Unicode contains a whole bunch of punctuation which all look very similar. We consider for the purposes of set-top box testing our users are unlikely to be interested in the differences between a hyphen (‐), a minus sign (−) and any of the four types of unicode dash (‒, –, —, ―). Nor will there be much interest in the differences between the various types of quotation marks.

This approach cheats slightly as, strictly speaking, to match against some known text you need to additionally normalise the expected text. When this is merged to master stbt will provide an API for doing this.

Result: Positive effect reducing error rate by ~0.3%

Scale text up

Tesseract expects high resolution (300dpi) scans of text with no anti-aliasing. Screen text on the other hand tends to be relatively low resolution (72dpi) and anti-aliased. tesseract’s first step “thresholds” the image - turning the image into 1-bit monochrome black and white binary image. This throws away any information about the shapes of the letters provided by anti-aliasing before performing outline recognition.

Ideally we would patch tesseract to directly take anti-aliasing into account during outline recognition, but instead it seem that just scaling the image up before thresholding allows this information to be preserved until the outline extraction step.

Result: This provides the bulk of the improvement in error rate, bringing it down from 8.3% to 1.2%.

There are many image scaling algorithms. I tested against all the algorithms available in imagemagick at 2×, 3× and 4× scaling factor:

Bartlett
Blackman
Bohman
Box
Catrom
Cosine
Cubic
Gaussian
Hamming
Hanning
Hermite
Jinc
Kaiser
Lagrange
Lanczos
LanczosSharp
Lanczos2
Lanczos2Sharp
Mitchell
Parzen
Point
Quadratic
Robidoux
RobidouxSharp
Sinc
SincFast
Spline
Triangle
Welsh

To cut a long story short the best algorithm is “Triangle” at 3× scaling. This turns out to be bilinear scaling which conveniently is the default interpolation mode used by OpenCV’s resize function (cv2.INTER_LINEAR).
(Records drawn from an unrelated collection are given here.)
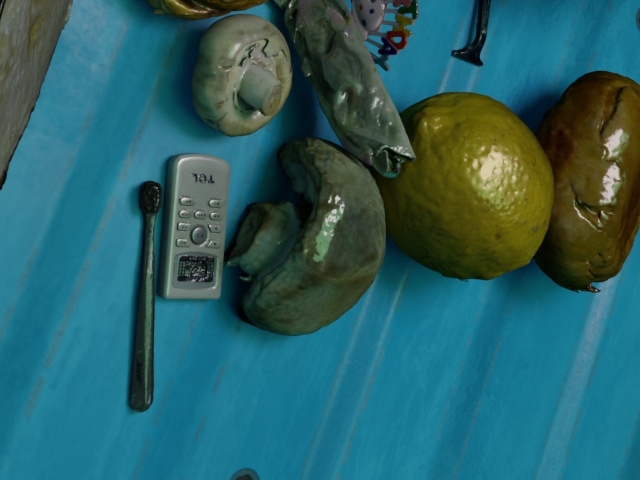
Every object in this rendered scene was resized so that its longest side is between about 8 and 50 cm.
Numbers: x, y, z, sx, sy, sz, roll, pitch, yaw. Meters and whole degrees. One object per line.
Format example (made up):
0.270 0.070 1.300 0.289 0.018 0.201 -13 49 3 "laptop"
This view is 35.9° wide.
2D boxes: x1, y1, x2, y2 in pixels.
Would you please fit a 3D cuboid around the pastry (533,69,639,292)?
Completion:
0.440 -0.095 1.587 0.356 0.164 0.356 -30 127 -52 "pastry"

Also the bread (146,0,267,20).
-0.127 -0.379 1.210 0.236 0.120 0.198 -23 106 -33 "bread"

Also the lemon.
0.206 -0.073 1.413 0.253 0.253 0.310 -53 125 -19 "lemon"

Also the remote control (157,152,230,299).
-0.163 -0.018 1.280 0.087 0.029 0.190 4 92 -37 "remote control"

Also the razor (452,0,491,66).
0.257 -0.373 1.547 0.066 0.033 0.190 13 86 -37 "razor"

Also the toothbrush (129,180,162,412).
-0.220 0.073 1.249 0.030 0.030 0.297 3 95 -10 "toothbrush"

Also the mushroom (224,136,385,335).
0.004 0.006 1.322 0.189 0.164 0.267 34 75 -33 "mushroom"

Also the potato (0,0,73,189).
-0.425 -0.213 0.953 0.296 0.290 0.397 15 65 -9 "potato"

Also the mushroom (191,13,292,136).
-0.096 -0.206 1.241 0.154 0.122 0.154 -32 140 -31 "mushroom"

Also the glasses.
0.082 -0.359 1.342 0.095 0.162 0.255 -11 102 -38 "glasses"

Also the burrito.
0.028 -0.220 1.311 0.096 0.066 0.309 -26 83 -3 "burrito"

3× worked better than 2× or 4× scaling. My theory is that this is because each pixel becomes 9 pixels (3×3) the sampling point in the middle can stay the same. This theory is unsubstantiated speculation however. Perhaps someone with a greater understanding of re-sampling can explain this?

Sharpening

The theory is that h264 encoding (such as performed by the TeradeK VidiU or the Hauppauge HD-PVR) causes some blurring. The sharpening is intended to make the edges of the words sharper in the hope that tesseract’s thresholding algorithm will then be able to do a better job.

Result: This had a small negative effect.

Results

With scaling and ligature and punctuation normalisation the error rate drops from 8.3% to 0.65%. This is a improvement of 12×. An extract of the full results is included below:

Configuration	Error Count	Error rate
Default	523 / 6278	8.33%
Normalising Punctuation	506 / 6278	8.06%
3× Scaling	78 / 6278	1.24%
Scaling and Replacing Ligatures	56 / 6278	0.89%
Scaling and Replacing Punctuation	63 / 6278	1.00%
Replacing Ligatures	492 / 6278	7.83%
Replacing Punctuation	506 / 6278	8.06%
Default training plus training on FS Me	516 / 6278	8.21%
Training on FS Me font	696 / 6278	11.09%
Scaling and Replacing Ligatures and Punctuation	41 / 6278	0.65%

Full results with example output can be found here.

Admittedly this is all a little unscientific. Further testing with different text would be required to estimate error bars on the above measurements but I believe this is conclusive enough to justify the improvements to stb-tester.

Thanks

Thanks to YouView for sponsoring this effort.